I agree with the Chief Justice that this is not a “ case at law,” and, therefore, it is not a case of which the Constitution has vested this Court with appellate jurisdiction in terms.

*64In Knowles v. Yeates, 31 Cal. 82, this Court held that the Constitution gives the Court appellate jurisdiction in special eases. They rely, to some extent, upon Conant v. Conant, 10 Cal. 252. I have never been satisfied with the reasoning in Knowles v. Yeates, and although the Court have often entertained jurisdiction in similar cases, where the question has not been raised, I do not understand that it has been expressly affirmed, except in Day v. Jones, 31 Cal. 261, decided at the same term.

The case of Conant v. Conant was an action of divorce, in which no rights of property were involved. It was contended that the Supreme Court had no jurisdiction, because it did not fall within any of the classes mentioned in section four, Article VI, of the Constitution, as it then stood. It conferred upon the Supreme Court appellate jurisdiction “in all cases where the matter in dispute exceeds two hundred dollars,” and where the legality of any tax, toll, etc., was in question. The Court say, in effect, that this was not intended to define, and, therefore, to restrict the jurisdiction of the Court, but merely to limit that jurisdiction in cases capable of pecuniary computation. Ho such construction can possibly be given to the language of the Constitution as amended. That section now reads as follows: “The Supreme Court shall have appellate jurisdiction in all cases in equity; also, in all cases at law which involve the title or possession of real estate, or the legality of any tax, impost, assessment, toll, or municipal fine, or in which the demand, exclusive of interest, or the value of the property in controversy, amounts to three hundred dollars; also, in all cases arising in the Probate Courts; and also, in all criminal cases amounting to felony, on questions of law alone.
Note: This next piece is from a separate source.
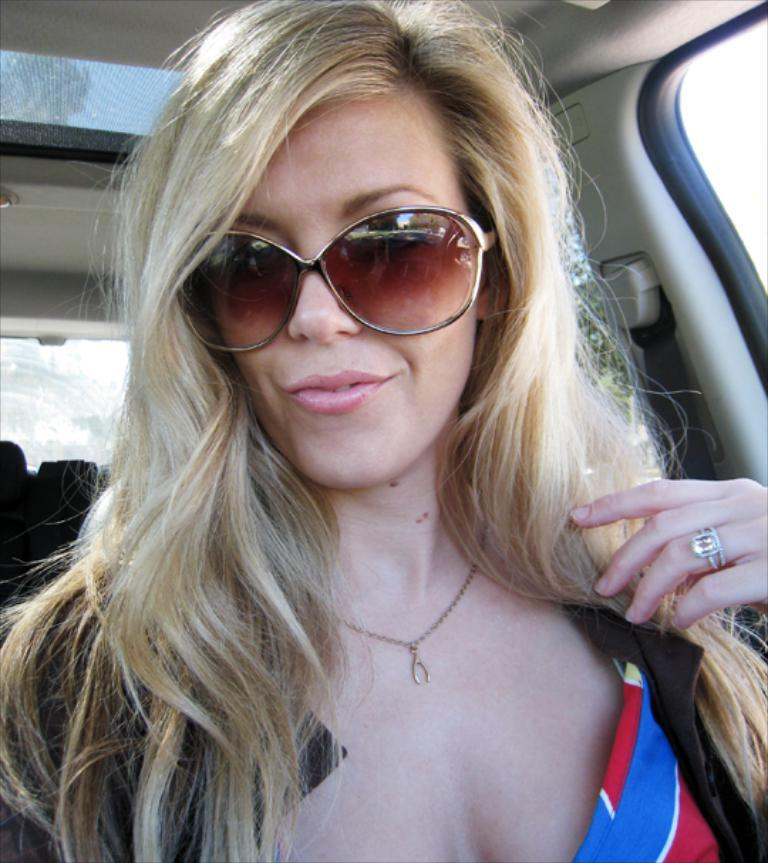Who is present in the image? There is a woman in the image. What is the woman wearing on her face? The woman is wearing goggles. What is the woman doing in the image? The woman is sitting in a car. What type of servant can be seen attending to the woman in the image? There is no servant present in the image; it only shows a woman wearing goggles and sitting in a car.

The Court shall also have power to issue writs of mandamus, certiorari, prohibition, and habeas corpus, and also all writs -necessary or proper to the complete exercise of its appellate jurisdiction. Each of the Justices shall have power to issue *65writs of habeas corpus to any part of the State, upon petition on behalf of any person held in actual custody, and may make such writs returnable before himself, or the Supreme Court, or before any District Court, or any County Court, in the State, or before any Judge of said Courts.”

The qualifying clause cannot possibly apply to “ cases in equity,” nor to cases arising in Probate Courts. If the doctrine of Knowles v. Yeates be correct, these provisions in the Constitution are perfectly meaningless. Cases in equity were certainly not mentioned for the purpose of limiting the jurisdiction of this Court to such cases as involved an amount greater than three hundred dollars. The rules by which this section of the Constitution must be construed are familiar and obvious.. In the absence of circumstances which indicate a different rule of construction, the enumeration of the cases to which the appellate jurisdiction of the Court extends excludes others. In Knowles v. Yeates the Court did not by rational conjecture ” or otherwise, in my opinion, supply the presumed intention of the framers of that instrument, but they have stricken out words which have an obvious meaning, and which, in an important matter, affect the character of the instrument.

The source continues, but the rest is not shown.